## Input records
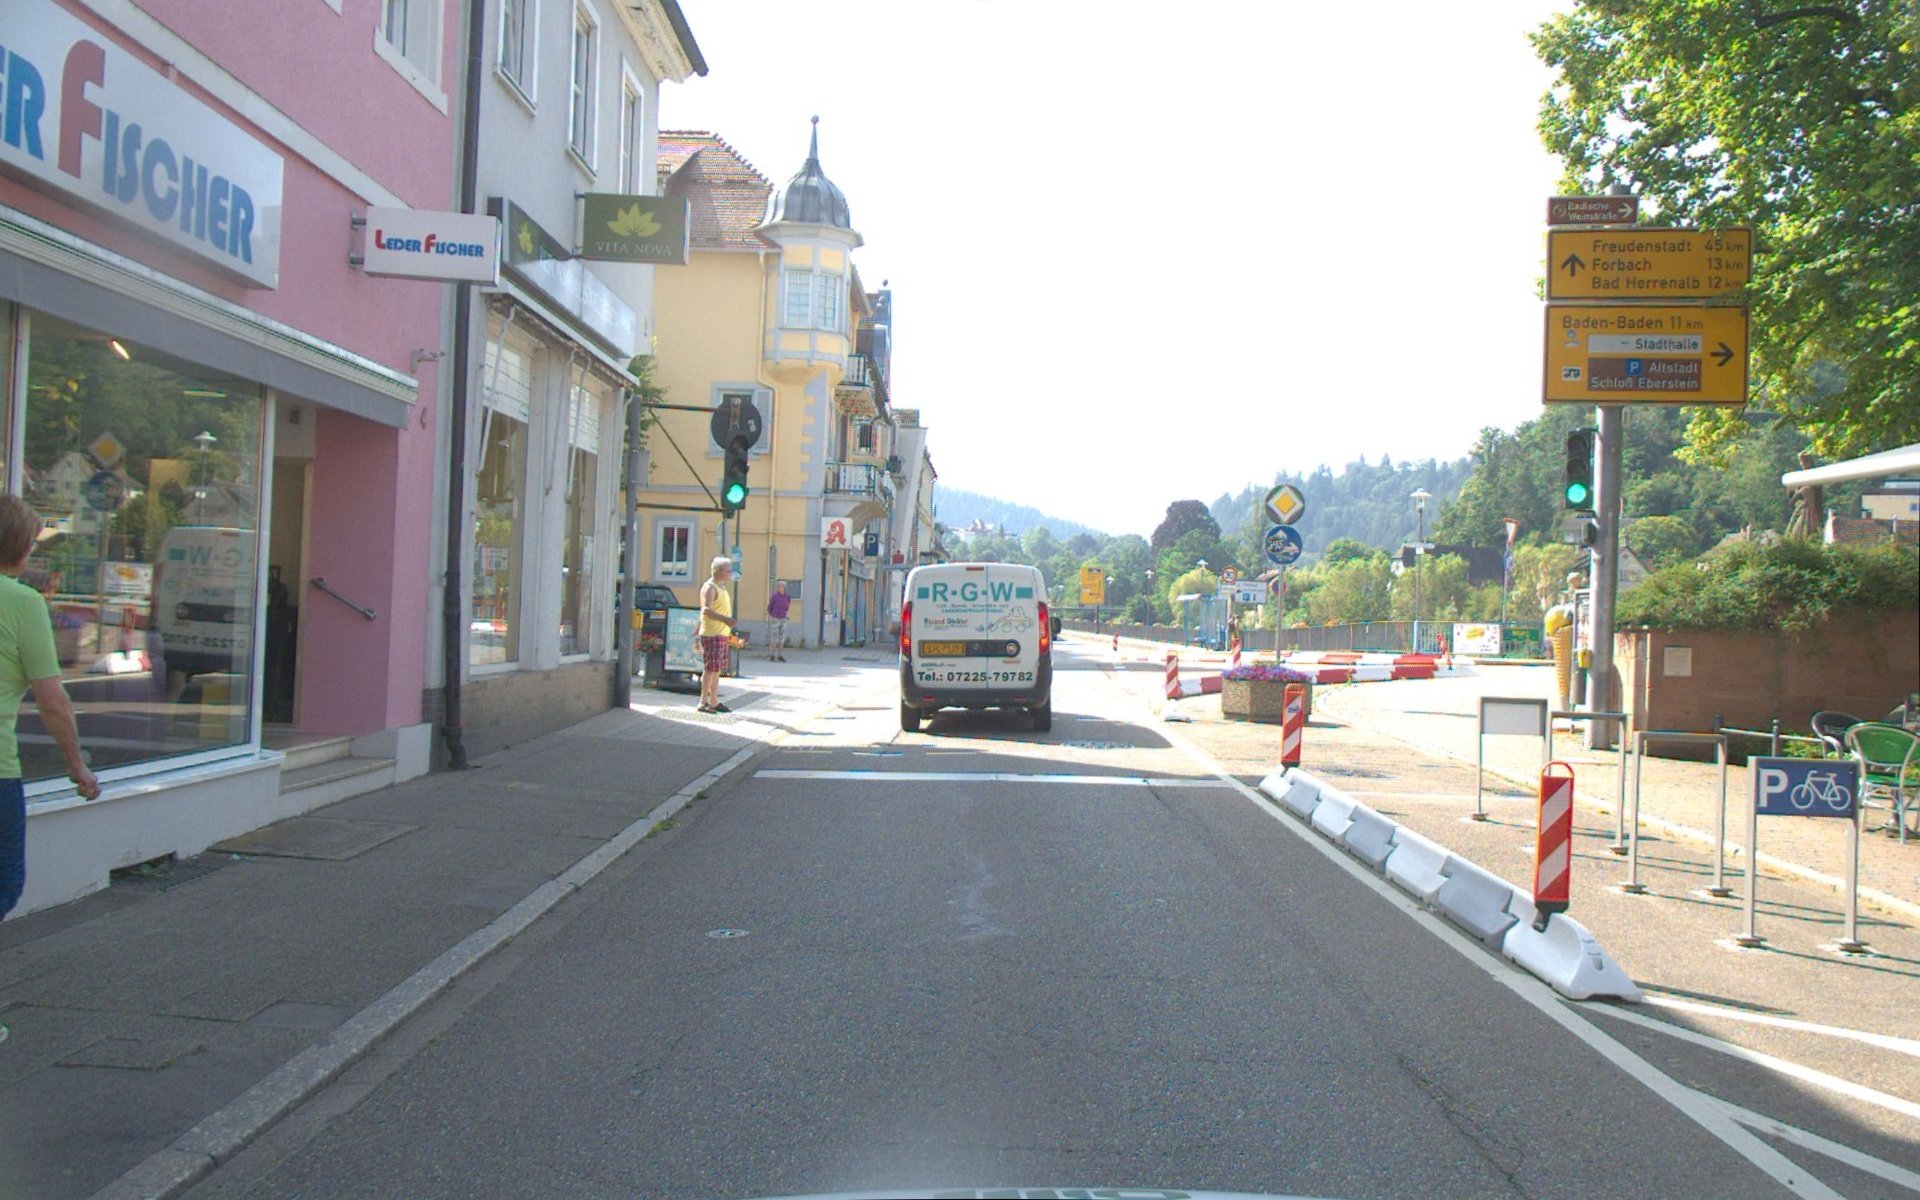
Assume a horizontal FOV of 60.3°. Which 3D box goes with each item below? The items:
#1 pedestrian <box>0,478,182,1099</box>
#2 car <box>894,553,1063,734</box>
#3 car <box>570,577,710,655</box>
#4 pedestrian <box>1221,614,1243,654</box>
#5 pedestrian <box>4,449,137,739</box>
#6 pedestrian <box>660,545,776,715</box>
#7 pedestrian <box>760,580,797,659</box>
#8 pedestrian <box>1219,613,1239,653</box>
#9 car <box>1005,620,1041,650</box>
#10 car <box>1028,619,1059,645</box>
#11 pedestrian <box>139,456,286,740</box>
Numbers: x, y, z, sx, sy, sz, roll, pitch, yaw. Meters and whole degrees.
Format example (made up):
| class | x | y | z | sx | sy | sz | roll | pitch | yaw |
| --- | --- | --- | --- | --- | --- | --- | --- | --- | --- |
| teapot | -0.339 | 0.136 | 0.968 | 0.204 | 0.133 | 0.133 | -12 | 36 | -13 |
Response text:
| class | x | y | z | sx | sy | sz | roll | pitch | yaw |
| --- | --- | --- | --- | --- | --- | --- | --- | --- | --- |
| pedestrian | -2.892 | 0.484 | 4.754 | 0.769 | 1.660 | 0.859 | 4 | 0 | 2 |
| car | 0.295 | 0.468 | 20.156 | 1.806 | 1.939 | 4.316 | -1 | 0 | 3 |
| car | -7.612 | 0.349 | 39.101 | 1.899 | 1.569 | 3.915 | 3 | 1 | -33 |
| pedestrian | 11.925 | 1.477 | 72.487 | 0.848 | 1.736 | 0.777 | 2 | -1 | 3 |
| pedestrian | -5.545 | -0.031 | 10.336 | 0.565 | 1.752 | 0.568 | 1 | 0 | -15 |
| pedestrian | -2.840 | 0.347 | 19.514 | 0.997 | 1.846 | 0.908 | 6 | -1 | 3 |
| pedestrian | -4.076 | 0.438 | 37.216 | 0.664 | 1.744 | 0.617 | 2 | 0 | 2 |
| pedestrian | 11.875 | 1.452 | 73.140 | 0.773 | 1.736 | 0.492 | 2 | -1 | 3 |
| car | 3.714 | 2.054 | 97.904 | 1.952 | 1.691 | 4.000 | 2 | 0 | 1 |
| car | 5.745 | 2.184 | 114.619 | 1.952 | 1.691 | 4.000 | 2 | 0 | 1 |
| pedestrian | -4.816 | -0.011 | 10.655 | 0.707 | 1.752 | 0.666 | 2 | 0 | -36 |

## What you will do
Beginning with the line holding "#10 car <box>1028,619,1059,645</box>" and ending with the line holding "-12 | 36 | -13 |", write out the stretch of material above exactly; add no further lines.

## Response for this exercise
#10 car <box>1028,619,1059,645</box>
#11 pedestrian <box>139,456,286,740</box>
Numbers: x, y, z, sx, sy, sz, roll, pitch, yaw. Meters and whole degrees.
Format example (made up):
| class | x | y | z | sx | sy | sz | roll | pitch | yaw |
| --- | --- | --- | --- | --- | --- | --- | --- | --- | --- |
| teapot | -0.339 | 0.136 | 0.968 | 0.204 | 0.133 | 0.133 | -12 | 36 | -13 |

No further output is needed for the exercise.